Montag, 25. Dezember 2017

Die Optimierer - Theresa Hannig - Äußerst realistische Zukunftstendenzen



Was wären wir für Menschen, wenn wir uns kennen würden, ohne uns kennenlernen zu müssen? Wäre Freundschaft eine Utopie? Wäre die Liebe plastisch? Oder wären wir zufrieden, weil wir die Makel bereits im Voraus kennen würden und so nicht verletzbar wären und keine Angst vor einer schmerzhaften Trennung haben müssten. Sind Erfahrungen jedoch nicht jene, die uns erst als Menschen ausweisen? Theresa Hannig hat ein Buch geschrieben, welches vorausdenkt. Es manifestiert eine erstrebenswerte Welt, welche am Puls der Zeit zu liegen scheint, die jedoch auch viele Fragen an die Gesellschaft und ihr technifizierendes Zukunftsdenken stellt.

Es gibt nur mehr synthetisches Fleisch. Eine Kommunikationslinse im linken Auge zeigt alle Informationen, die man für das Leben wissen muss und autorisiert alle Personen, die einem über den Weg laufen. Automatisierte Autos, die keine Lenker benötigen und Roboter im Alltag, die alles regeln sind die Eckpfeiler des neuen Staates: Bundesrepublik Europa. Samson Freitag ist ein sehr zufriedener Bürger. Er lebt in München und arbeitet als Lebensberater. Es ist das Jahr 2052. In diesem soll sich einiges für ihn ergeben: eine Beförderung steht im Raum und außerdem bereitet er einen Heiratsantrag für seine Freundin Melanie vor, mit der er laut der Software zu 86 % zusammenpasst. Für die Beförderung fehlen ihm ein paar Sozialpunkte. Diese sammelt man, wenn man gutes für den Staat tut oder Korrekturvermerke an den Staat weiterleitet. Er hat stolze 980 Punkte und ist somit ein angesehener Bürger.

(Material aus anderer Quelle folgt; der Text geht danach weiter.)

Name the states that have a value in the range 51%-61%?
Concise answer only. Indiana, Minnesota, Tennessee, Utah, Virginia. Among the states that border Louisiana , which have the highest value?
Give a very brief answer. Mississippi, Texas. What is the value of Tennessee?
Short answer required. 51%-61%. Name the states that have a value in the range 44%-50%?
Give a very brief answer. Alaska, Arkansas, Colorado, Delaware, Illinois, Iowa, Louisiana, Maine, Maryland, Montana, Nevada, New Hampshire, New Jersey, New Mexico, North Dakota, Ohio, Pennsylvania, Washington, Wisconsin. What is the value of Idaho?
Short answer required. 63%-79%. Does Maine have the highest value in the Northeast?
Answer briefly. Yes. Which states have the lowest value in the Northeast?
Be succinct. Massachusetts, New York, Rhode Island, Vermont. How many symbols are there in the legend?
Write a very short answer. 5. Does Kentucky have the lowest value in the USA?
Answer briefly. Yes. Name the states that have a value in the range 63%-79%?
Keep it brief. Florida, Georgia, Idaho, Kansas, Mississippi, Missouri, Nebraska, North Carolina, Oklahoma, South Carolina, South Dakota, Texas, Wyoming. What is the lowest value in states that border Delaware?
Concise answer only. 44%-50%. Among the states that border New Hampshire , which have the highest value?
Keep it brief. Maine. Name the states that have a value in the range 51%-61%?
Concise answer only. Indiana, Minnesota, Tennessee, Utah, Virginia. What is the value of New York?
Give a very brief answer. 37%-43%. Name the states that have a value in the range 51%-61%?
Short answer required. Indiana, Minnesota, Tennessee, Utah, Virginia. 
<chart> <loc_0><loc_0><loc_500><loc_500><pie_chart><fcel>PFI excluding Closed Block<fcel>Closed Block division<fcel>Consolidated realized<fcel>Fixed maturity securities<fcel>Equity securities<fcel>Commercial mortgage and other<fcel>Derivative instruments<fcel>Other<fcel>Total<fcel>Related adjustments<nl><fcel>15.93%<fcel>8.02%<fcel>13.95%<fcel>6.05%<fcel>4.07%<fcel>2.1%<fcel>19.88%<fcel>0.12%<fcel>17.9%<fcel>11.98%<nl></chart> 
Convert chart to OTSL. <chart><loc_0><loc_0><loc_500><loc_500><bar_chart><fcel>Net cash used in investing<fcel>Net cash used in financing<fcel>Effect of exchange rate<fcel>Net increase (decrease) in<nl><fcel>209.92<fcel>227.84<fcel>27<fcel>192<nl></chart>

Das Prinzip des Staates ist einfach: jeder, der gebraucht wird, wird unterstützt. Sollte jemand jedoch nicht die Kriterien erfüllen, die der Wirtschaft nützlich sind, kommt er in die Kontemplation. Das bedeutet er wird ausgegliedert aus der Gesellschaft. Man bekommt ein Grundeinkommen und muss nie mehr etwas tun. Samson stört das nicht. So funktioniert das und er empfindet das als fair. Nur die Guten und Klugen können einen Staat aufrechterhalten. Außerdem schottet sich die Bundesrepublik Europa von allen anderen Staaten der Welt durch einen Zaun ab. Keiner darf in diese famose Welt. Für eine noch perfektere Ausgestaltung wird eine Konstellation von Berufsrobotern in den Arbeitsbereichen eingeführt, die alles überwachen. Sie sind fehlerlos. Menschen jedoch neigen zu Fehlern.

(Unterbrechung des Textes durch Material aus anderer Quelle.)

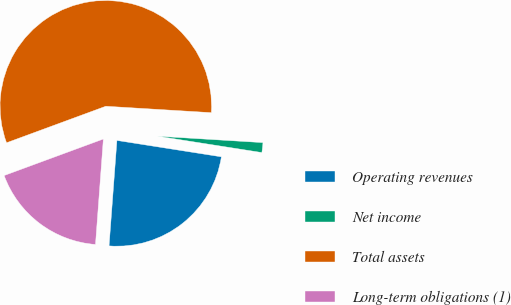Convert chart to OTSL. <chart><loc_0><loc_0><loc_500><loc_500><pie_chart><fcel>Operating revenues<fcel>Net income<fcel>Total assets<fcel>Long-term obligations (1)<nl><fcel>23.71%<fcel>1.51%<fcel>56.58%<fcel>18.2%<nl></chart> 
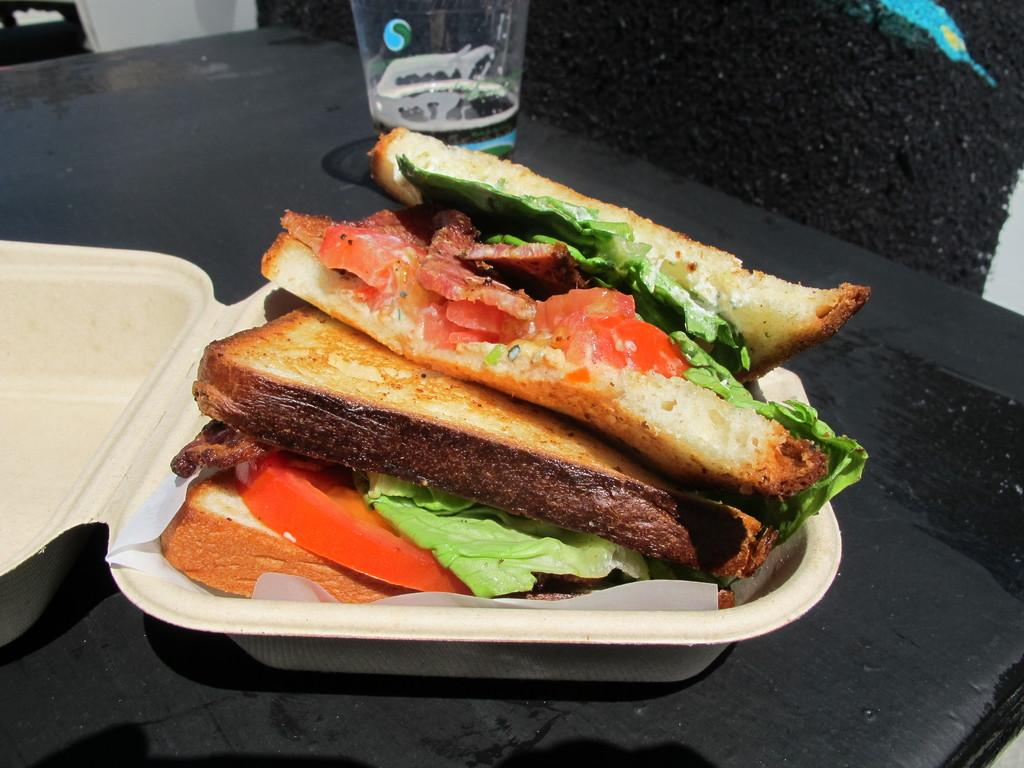What color is the table in the image? The table in the image is black. What type of food can be seen on the table? There are sandwiches in a box on the table. What else is on the table besides the sandwiches? There is a glass on the table. What type of skin is visible on the table in the image? There is no skin visible on the table in the image; it is a black table with objects on it. 
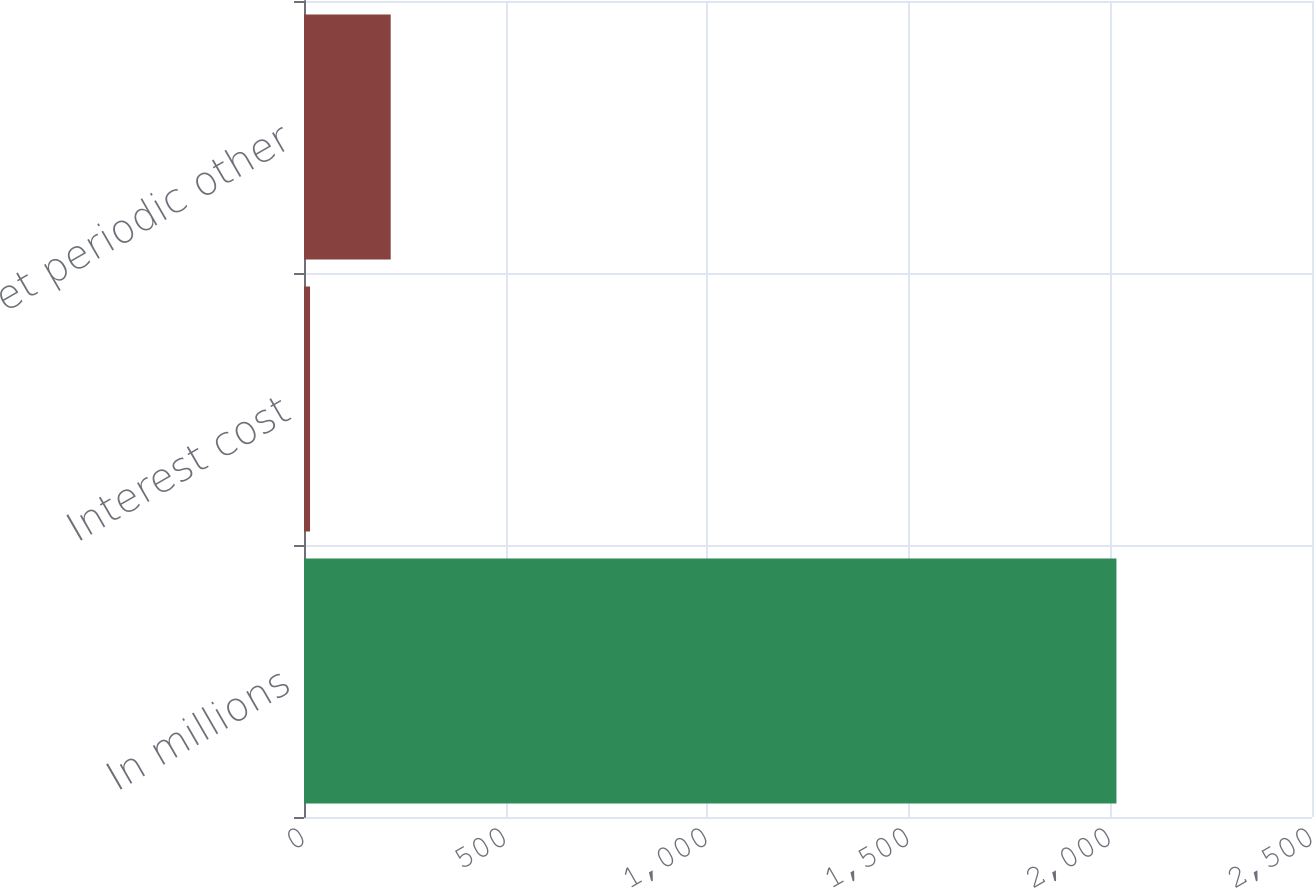<chart> <loc_0><loc_0><loc_500><loc_500><bar_chart><fcel>In millions<fcel>Interest cost<fcel>Net periodic other<nl><fcel>2015<fcel>15<fcel>215<nl></chart> 
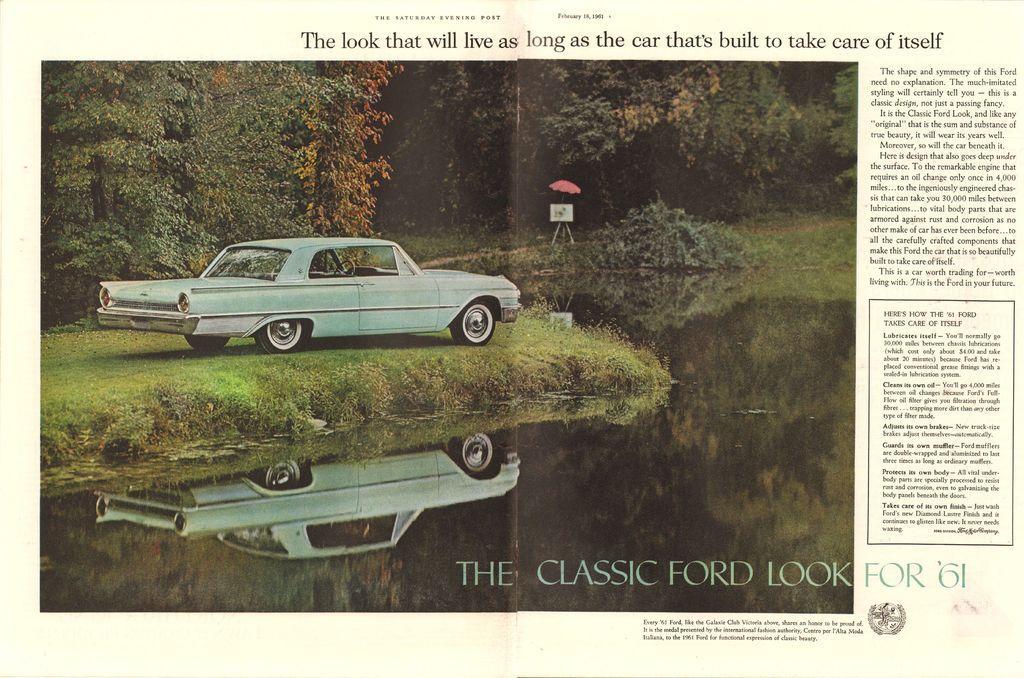How would you summarize this image in a sentence or two? In this picture I can see an article. There is a car, grass, water, reflections, umbrella, board, plants and trees. Something is written in the article. 

Die Elegien gegen diese Überwachungswelt werden strengstens überwacht und bestraft. Erst als Samson von seiner Freundin verlassen wird, weil er versessen ist ein optimaler Bürger zu werden und dem System blind folgt, beginnt sein Leben eine Drehung zu bekommen. Er entdeckt einen mysteriösen Fehler im System der Lebensberatung und begeht selbst einen Fehler, der ihn in eine Gefahr bringt, die sein ganzes Leben verändert.

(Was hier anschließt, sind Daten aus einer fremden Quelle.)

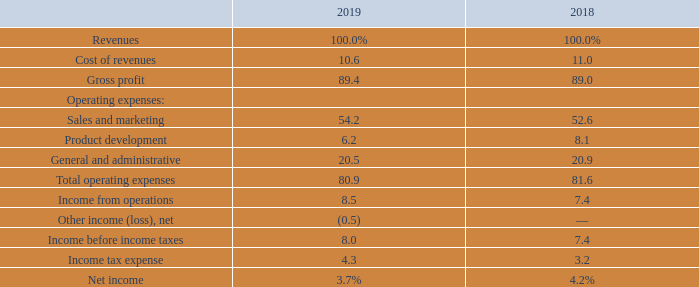Results of Operations
The following table sets forth, as a percentage of total revenues, the results from our operations for the periods indicated.
What is the gross profit for 2019 and 2018 respectively as a percentage of total revenues?
Answer scale should be: percent. 89.4, 89.0. What is the income from operations for 2019 and 2018 respectively as a percentage of total revenues?
Answer scale should be: percent. 8.5, 7.4. What is the cost of revenues for 2019 and 2018 respectively as a percentage of total revenues?
Answer scale should be: percent. 10.6, 11.0. What is the average cost of revenue for 2018 and 2019 as a percentage of total revenues?
Answer scale should be: percent. (10.6+11.0)/2
Answer: 10.8. What is the change in sales and marketing expenses between 2018 and 2019 as a percentage of total revenues?
Answer scale should be: percent. 54.2-52.6
Answer: 1.6. What is the average net income for 2018 and 2019 as a percentage of total revenues?
Answer scale should be: percent. (3.7+4.2)/2
Answer: 3.95. 
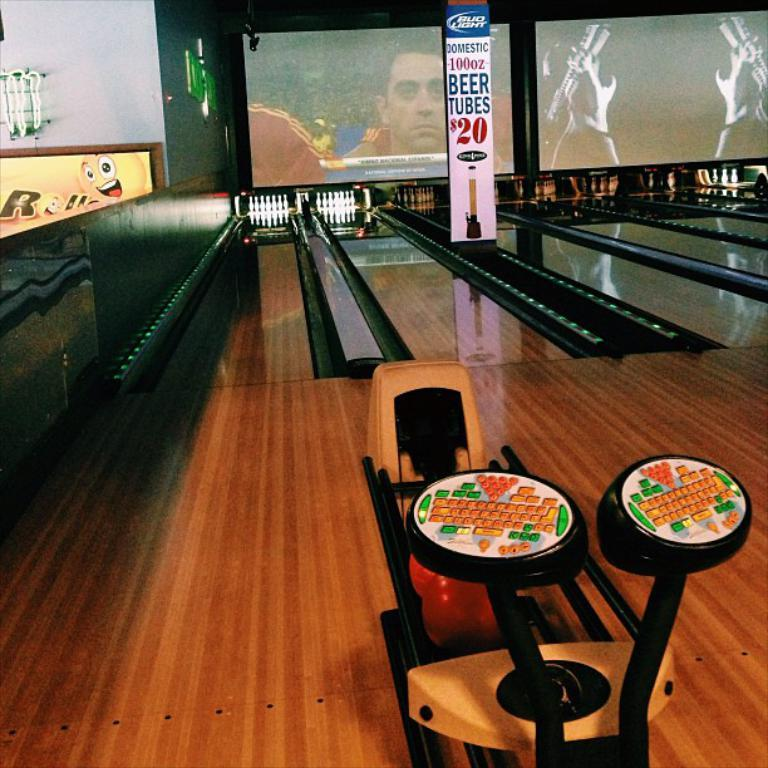What activity is taking place in the image? There is a bowling game in the image. What type of decorations are present in the image? There are posters in the image. What might be used for displaying information or visuals in the image? There are screens in the image. What type of structure can be seen in the image? There are walls in the image. What other objects can be seen in the image besides the bowling game and screens? There are various objects in the image. What type of books are being taxed in the image? There are no books or tax-related information present in the image.

Theresa Hannig hat sich an ein Thema herangewagt, welches sich explizit mit Zukunftsvisionen beschäftigt, die unserer Zivilisation nicht fremd sind. Edward Snowden öffnete der Welt die Augen, doch sie hielt sie verschlossen. Diese ablehnende Haltung gegen das Offensichtliche suggeriert eine äußerst folgende Gesellschaft, die ein System blindlinks akzeptiert. Deswegen sind Szenarien wie dieses Buch sie aufzeigt keine Unwahrscheinlichkeit. Sie erzeugen Bilder, die zum Nachdenken bewegen. Die Sprache im Buch ist eine äußerst prägnante, die auch mit sehr kurzen Kapiteln umzäunt wird. Was dem Buch fehlt, ist die Strahlkraft in den Figuren. Sie scheinen mir zu mechanisch und „robotisiert“. Die Hauptfigur Samson ist trotz aller Umstände nicht in der Lage eine Humanität zu gewinnen. Diese lieblose Ausgestaltung der Figur und die Machtlosigkeit einer Entwicklungstendenz, stumpfen das Buch etwas ab. Ansonsten ist es ein sehr zu empfehlendes Buch mit großem Potenzial und Visionen.